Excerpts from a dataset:
——————

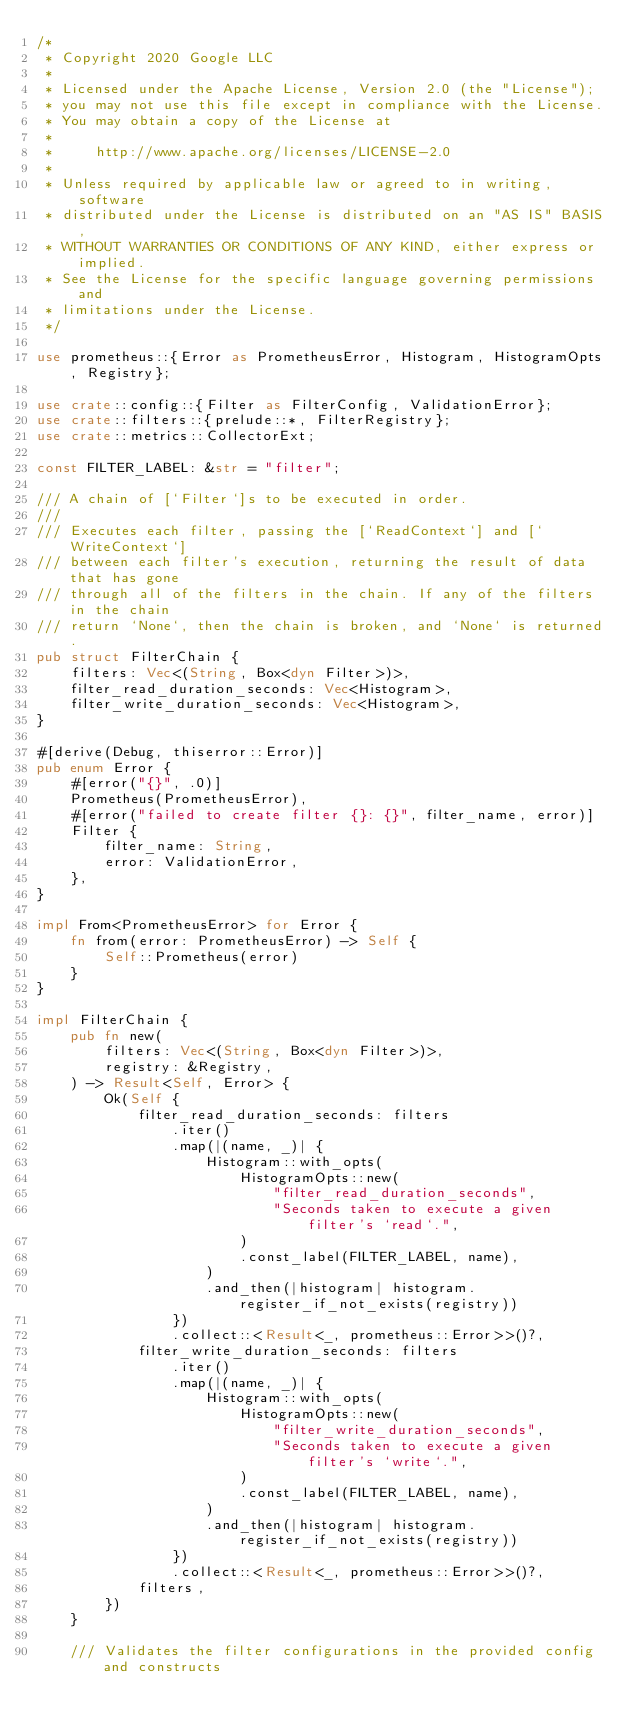Convert code to text. <code><loc_0><loc_0><loc_500><loc_500><_Rust_>/*
 * Copyright 2020 Google LLC
 *
 * Licensed under the Apache License, Version 2.0 (the "License");
 * you may not use this file except in compliance with the License.
 * You may obtain a copy of the License at
 *
 *     http://www.apache.org/licenses/LICENSE-2.0
 *
 * Unless required by applicable law or agreed to in writing, software
 * distributed under the License is distributed on an "AS IS" BASIS,
 * WITHOUT WARRANTIES OR CONDITIONS OF ANY KIND, either express or implied.
 * See the License for the specific language governing permissions and
 * limitations under the License.
 */

use prometheus::{Error as PrometheusError, Histogram, HistogramOpts, Registry};

use crate::config::{Filter as FilterConfig, ValidationError};
use crate::filters::{prelude::*, FilterRegistry};
use crate::metrics::CollectorExt;

const FILTER_LABEL: &str = "filter";

/// A chain of [`Filter`]s to be executed in order.
///
/// Executes each filter, passing the [`ReadContext`] and [`WriteContext`]
/// between each filter's execution, returning the result of data that has gone
/// through all of the filters in the chain. If any of the filters in the chain
/// return `None`, then the chain is broken, and `None` is returned.
pub struct FilterChain {
    filters: Vec<(String, Box<dyn Filter>)>,
    filter_read_duration_seconds: Vec<Histogram>,
    filter_write_duration_seconds: Vec<Histogram>,
}

#[derive(Debug, thiserror::Error)]
pub enum Error {
    #[error("{}", .0)]
    Prometheus(PrometheusError),
    #[error("failed to create filter {}: {}", filter_name, error)]
    Filter {
        filter_name: String,
        error: ValidationError,
    },
}

impl From<PrometheusError> for Error {
    fn from(error: PrometheusError) -> Self {
        Self::Prometheus(error)
    }
}

impl FilterChain {
    pub fn new(
        filters: Vec<(String, Box<dyn Filter>)>,
        registry: &Registry,
    ) -> Result<Self, Error> {
        Ok(Self {
            filter_read_duration_seconds: filters
                .iter()
                .map(|(name, _)| {
                    Histogram::with_opts(
                        HistogramOpts::new(
                            "filter_read_duration_seconds",
                            "Seconds taken to execute a given filter's `read`.",
                        )
                        .const_label(FILTER_LABEL, name),
                    )
                    .and_then(|histogram| histogram.register_if_not_exists(registry))
                })
                .collect::<Result<_, prometheus::Error>>()?,
            filter_write_duration_seconds: filters
                .iter()
                .map(|(name, _)| {
                    Histogram::with_opts(
                        HistogramOpts::new(
                            "filter_write_duration_seconds",
                            "Seconds taken to execute a given filter's `write`.",
                        )
                        .const_label(FILTER_LABEL, name),
                    )
                    .and_then(|histogram| histogram.register_if_not_exists(registry))
                })
                .collect::<Result<_, prometheus::Error>>()?,
            filters,
        })
    }

    /// Validates the filter configurations in the provided config and constructs</code> 
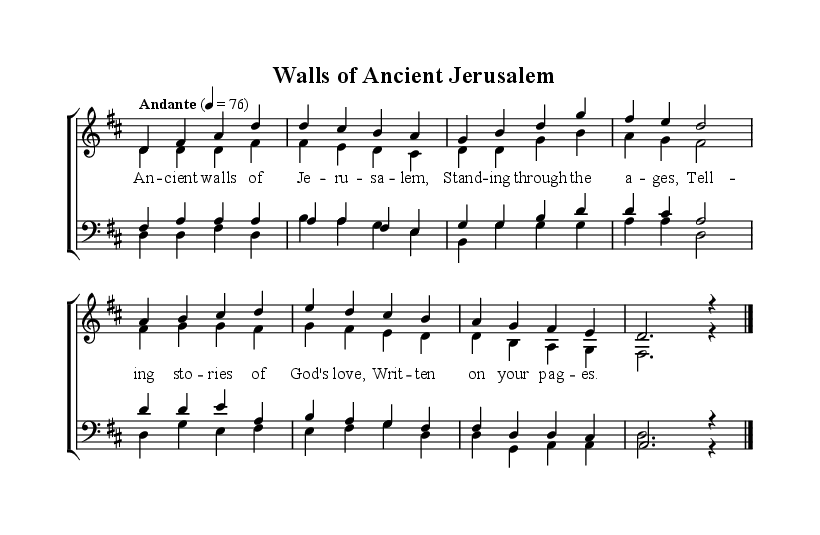What is the key signature of this music? The key signature is D major, which has two sharps (F# and C#). This is determined by looking at the key signature section at the beginning of the staff, where D major is indicated with the appropriate number of sharps.
Answer: D major What is the time signature of this music? The time signature is 4/4, which indicates that there are four beats per measure and a quarter note receives one beat. This can be found at the beginning of the first staff where the time signature is displayed.
Answer: 4/4 What is the tempo marking for this music? The tempo marking is Andante, which suggests a moderately slow tempo. This is noted above the staff, indicating the speed at which the music should be played.
Answer: Andante How many vocal parts are present in the score? There are four vocal parts present in the score, which can be identified by the four distinct voices labeled as melody, alto, tenor, and bass. Each part is notated separately in the score.
Answer: Four What is the name of the piece represented in the sheet music? The name of the piece is "Walls of Ancient Jerusalem," which is indicated in the header section of the score. The title provides the identity of the composition and its thematic focus.
Answer: Walls of Ancient Jerusalem What lyrical theme is presented in the first verse? The lyrical theme in the first verse reflects on the ancient walls of Jerusalem and their historical significance in relation to God's love and stories. This can be inferred from the lyrics presented beneath the melody.
Answer: Ancient walls of Jerusalem What is the ending note of the melody in this score? The ending note of the melody is D, which can be identified at the end of the melody line where the last note is located. This note concludes the piece.
Answer: D

——————

Each line of the data that has the string "ValidationError" should be returned.

WRITTEN REPLY >>
use crate::config::{Filter as FilterConfig, ValidationError};
        error: ValidationError,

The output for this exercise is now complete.